Dans le document Jacques Laurent Gilly Général d Empire (Page 84-87)

Le général Jacques Laurent Gilly par Christian Hérail Gilly

Dans les dernières années du dix-septième siècle, une jeune fille de Mazan, dans le comtat Venaissin, épousait un marchand originaire du diocèse d'Embrun ainsi qu'il est écrit dans le registre paroissial qui enregistra, en latin, cette union.

De quelle marchandise faisait commerce cet homme ? De drap ! On en fabrique dans Embrun avec la laine des moutons de la montagne, ou bien de soie tissée. On y produit aussi des cordages et des instruments aratoires : autant de moyens de vivre par leur exportation vers des contrées plus favorisées.

Notre marchand avait suivi le cours de la Durance, entre les monts qui la bordent et la conduisent vers la plaine où elle se joindra au Rhône.

Ce grand fleuve, lui aussi descend des Alpes, après avoir servi de passage naturel aux barbares du Nord, et aux barbaresques venus de la mer, avait désormais un rôle plus politique.

Chaque année, dans la dernière semaine du mois de juillet, en face, très exactement de Tarascon, l'immense champ de foire de Beaucaire et toute la ville, jusqu'à la plus chétive maison, étaient envahis par les anciens ennemis que n'affrontaient plus que les rivalités commerciales.

D'Arahé ou de Germanie, d'Afrique, d'Orient ou des Pays-Bas, s'amarraient de lourds vaisseaux qui repartiraient chargés de marchandises échangées. D'autres venaient par voie de terre avec leurs immenses chariots et ceux des montagnes avec leurs mulets bâtés ; des Cévennes, des Monts du Fory, des pays de la Drôme ou du Massif Central et aussi des vallées alpines. Il y avait ceux de Carcassonne fabricants de drap, ceux du Lauragais apportant leur précieuse cocagne et d'autres, des peausseries de la montagne noire.

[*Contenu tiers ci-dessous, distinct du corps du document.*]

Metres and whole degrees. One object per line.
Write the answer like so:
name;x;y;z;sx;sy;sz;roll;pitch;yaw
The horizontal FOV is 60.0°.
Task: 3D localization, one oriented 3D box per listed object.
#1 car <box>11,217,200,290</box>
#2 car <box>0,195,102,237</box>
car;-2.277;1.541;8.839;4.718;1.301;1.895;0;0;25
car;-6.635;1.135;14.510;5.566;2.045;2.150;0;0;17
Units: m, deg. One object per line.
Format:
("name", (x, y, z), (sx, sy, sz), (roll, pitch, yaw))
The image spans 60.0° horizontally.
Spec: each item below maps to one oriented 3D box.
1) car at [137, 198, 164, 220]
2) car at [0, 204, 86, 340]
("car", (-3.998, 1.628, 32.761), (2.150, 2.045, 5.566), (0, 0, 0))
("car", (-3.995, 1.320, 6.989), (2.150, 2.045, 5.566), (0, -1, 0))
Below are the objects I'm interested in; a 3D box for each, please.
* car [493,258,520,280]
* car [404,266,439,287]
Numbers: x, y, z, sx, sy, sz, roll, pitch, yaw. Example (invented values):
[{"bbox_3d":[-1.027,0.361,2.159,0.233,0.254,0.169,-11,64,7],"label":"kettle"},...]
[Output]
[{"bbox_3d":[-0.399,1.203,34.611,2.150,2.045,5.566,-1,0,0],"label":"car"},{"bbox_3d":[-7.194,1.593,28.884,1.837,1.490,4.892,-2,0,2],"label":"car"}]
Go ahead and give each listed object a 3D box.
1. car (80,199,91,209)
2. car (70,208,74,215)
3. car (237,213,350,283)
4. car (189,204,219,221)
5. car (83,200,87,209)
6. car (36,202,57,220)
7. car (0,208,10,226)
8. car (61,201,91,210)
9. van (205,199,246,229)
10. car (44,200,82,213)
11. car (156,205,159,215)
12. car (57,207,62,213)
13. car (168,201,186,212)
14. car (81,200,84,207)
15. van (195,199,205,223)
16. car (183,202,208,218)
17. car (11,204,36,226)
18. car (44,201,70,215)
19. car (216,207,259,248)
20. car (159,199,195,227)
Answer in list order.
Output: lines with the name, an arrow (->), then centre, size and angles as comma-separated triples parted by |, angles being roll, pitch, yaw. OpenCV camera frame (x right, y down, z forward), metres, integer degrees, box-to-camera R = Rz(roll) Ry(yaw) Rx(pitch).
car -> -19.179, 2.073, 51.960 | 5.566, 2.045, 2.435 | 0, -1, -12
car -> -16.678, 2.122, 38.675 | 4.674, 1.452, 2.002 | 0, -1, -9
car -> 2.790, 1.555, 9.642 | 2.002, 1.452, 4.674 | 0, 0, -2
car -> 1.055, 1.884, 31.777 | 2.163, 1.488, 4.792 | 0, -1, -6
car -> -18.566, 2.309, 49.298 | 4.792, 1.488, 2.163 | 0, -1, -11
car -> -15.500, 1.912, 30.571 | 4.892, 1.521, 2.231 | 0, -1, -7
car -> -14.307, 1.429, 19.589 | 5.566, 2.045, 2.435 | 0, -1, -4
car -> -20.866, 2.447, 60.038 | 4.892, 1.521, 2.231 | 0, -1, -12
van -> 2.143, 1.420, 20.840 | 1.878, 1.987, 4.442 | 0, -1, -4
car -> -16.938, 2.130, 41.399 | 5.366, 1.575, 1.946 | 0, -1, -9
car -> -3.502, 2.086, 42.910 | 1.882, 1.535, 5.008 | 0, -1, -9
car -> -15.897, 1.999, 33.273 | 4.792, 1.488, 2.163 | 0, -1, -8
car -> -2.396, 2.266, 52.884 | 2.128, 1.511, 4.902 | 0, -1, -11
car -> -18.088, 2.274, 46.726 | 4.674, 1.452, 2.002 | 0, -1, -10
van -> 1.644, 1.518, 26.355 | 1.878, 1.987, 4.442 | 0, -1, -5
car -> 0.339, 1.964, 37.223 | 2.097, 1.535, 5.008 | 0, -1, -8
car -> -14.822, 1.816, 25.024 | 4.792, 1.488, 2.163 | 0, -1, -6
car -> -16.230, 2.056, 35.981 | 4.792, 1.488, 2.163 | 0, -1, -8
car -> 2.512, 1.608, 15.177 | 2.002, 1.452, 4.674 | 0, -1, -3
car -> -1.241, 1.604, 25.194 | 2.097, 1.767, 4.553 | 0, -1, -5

La route vers Mazan n'est certes pas celle de la Durance ; mais d'Avignon il y a peu jusqu'à Carpentras où se tient aussi une foire annuelle à l'automne, pour la saint Siffrein. Pendant deux jours la ville est un immense marché. Carpentras est le centre d'une étoile de routes, d'Orange, de Vaison, de l'Isle sur la Sorgue ; on y vient du pays d'Apt et du pays de Sault. Des marchands descendent leurs brebis même d'au-delà du Rhône que d'autres marchands viennent acheter depuis Marseille. Marché aux chevaux, aux ânes, aux mulets, la capitale du Comtat Venaissin est une puissante et riche cité.

Mazan est à quelques kilomètres. Peut-être celui qui s'était arrêté dans Avignon et qui était venu à Carpentras a-t-il eu l'idée dans les temps de presse de se loger à Mazan ?

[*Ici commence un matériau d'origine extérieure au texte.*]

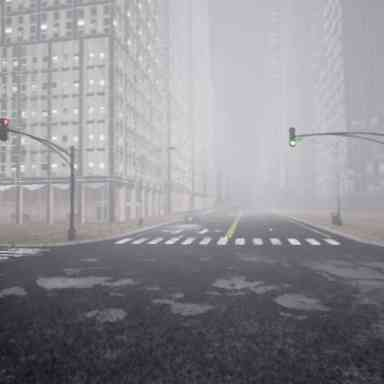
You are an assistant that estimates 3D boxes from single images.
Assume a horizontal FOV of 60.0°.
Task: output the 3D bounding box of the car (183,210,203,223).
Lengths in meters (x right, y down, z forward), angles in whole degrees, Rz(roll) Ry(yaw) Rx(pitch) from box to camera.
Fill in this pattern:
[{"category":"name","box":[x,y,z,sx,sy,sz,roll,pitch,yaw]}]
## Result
[{"category":"car","box":[0.201,2.846,39.177,2.128,1.511,4.902,-1,-2,9]}]
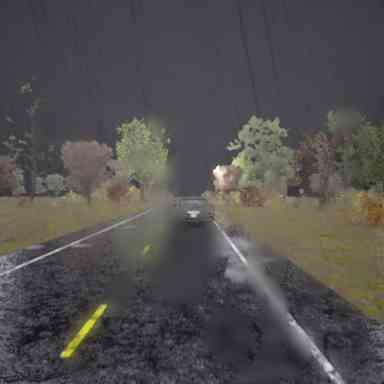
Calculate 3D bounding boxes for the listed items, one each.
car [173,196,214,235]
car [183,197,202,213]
[{"bbox_3d":[0.089,1.269,19.313,2.150,2.045,5.566,0,0,0],"label":"car"},{"bbox_3d":[0.076,1.448,39.148,2.097,1.767,4.553,0,0,0],"label":"car"}]

Pour cette raison, ou pour tout autre, notre marchand d'Embrun devait être connu à Mazan.

Peut-être y avait-il établi une sorte de dépôt ou seulement un relais coutumier. Sinon quelle famille eût-elle accordé sa fille à un homme de passage ! Les itinérants sont toujours suspects. Il fallait qu'il fût connu et reconnu pour un garçon sérieux et de parole, sachant économiser, capable de fonder une famille respectable.

Le nôtre s'appelait Antoine Gilli ; celle qu'il prit pour femme, fille naturelle et légitime, comme tiennent toujours à l'affirmer les actes, était l'enfant de Louis Lausier et Marie Catui : elle se prénommait Louise137.

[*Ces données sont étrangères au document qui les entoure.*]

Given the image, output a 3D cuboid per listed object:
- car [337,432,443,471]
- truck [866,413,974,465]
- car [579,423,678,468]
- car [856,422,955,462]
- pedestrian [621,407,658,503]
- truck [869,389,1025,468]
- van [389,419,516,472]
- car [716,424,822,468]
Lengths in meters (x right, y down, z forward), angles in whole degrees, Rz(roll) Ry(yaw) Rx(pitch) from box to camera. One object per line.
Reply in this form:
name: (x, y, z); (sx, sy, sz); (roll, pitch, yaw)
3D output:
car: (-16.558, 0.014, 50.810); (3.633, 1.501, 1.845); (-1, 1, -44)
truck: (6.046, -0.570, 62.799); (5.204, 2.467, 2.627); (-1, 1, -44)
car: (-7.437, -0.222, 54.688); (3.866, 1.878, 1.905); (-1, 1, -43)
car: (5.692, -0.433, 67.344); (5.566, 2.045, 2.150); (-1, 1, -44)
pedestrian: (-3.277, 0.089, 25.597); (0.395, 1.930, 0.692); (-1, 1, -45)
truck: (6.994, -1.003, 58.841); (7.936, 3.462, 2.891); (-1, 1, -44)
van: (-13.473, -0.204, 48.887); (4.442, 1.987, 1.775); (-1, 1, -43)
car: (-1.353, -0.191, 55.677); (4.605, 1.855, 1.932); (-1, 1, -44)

Mariés en 1695, ils eurent un garçon l'an qui suivit : on le baptisa Antoine, comme son père.

Fût-il le seul au foyer, des frères, des sœurs ! Très égoïstement et par esprit de simplification nous ne retiendrons ici que cet Antoine de la fin du XVIIIème siècle, deuxième du prénom et qui, sans aucun doute, est notre ancêtre.

Malgré le plaisir que nous en aurions, nous ne pouvons en dire plus ; sauf qu'il vécut ses années d'enfance sous la juridiction de l'évêque de Carpentras, gouverneur de toutes les communes du Comtat. Antoine reçut, à n'en pas douter, une solide instruction puisque nous le retrouvons exerçant la digne profession de régent des écoles, non pas dans les États du Pape mais en Languedoc.

La Durance conduit ses eaux au Rhône à peu de distance au midi d'Avignon ; la rivière du Gard fait de même, sur la rive opposée à deux ou trois lieues plus bas. Ainsi les eaux d'Empire et de royaume se mêlent elles presque ensemble dans le fleuve qui sert de frontière, encore pour les bateliers.

Le premier Gilli qui passa le fleuve s'installa très exactement dans cette région, à mi-chemin entre l'un et l'autre confluent ; ce faisant, il mit un "y" à la fin de son nom pour faire plus français.

D'où venait cette race des Gilli de la vallée d'Embrun ! De quelques villages proches ou bien d'au-delà des monts138 ? Le cul de Mont Genèvre est plus un passage qu'une frontière. Aussitôt franchi celui qui vient du Val d'Aoste ou de la campagne de Turin se trouve en pays nouveau : c'est Briançon, c'est Digne et, tout naturellement cette route que trace la Durance vers le soleil. Combien de familles dont les noms se terminent en "o" ou en "i" en sont venues, et qui l'ignorent !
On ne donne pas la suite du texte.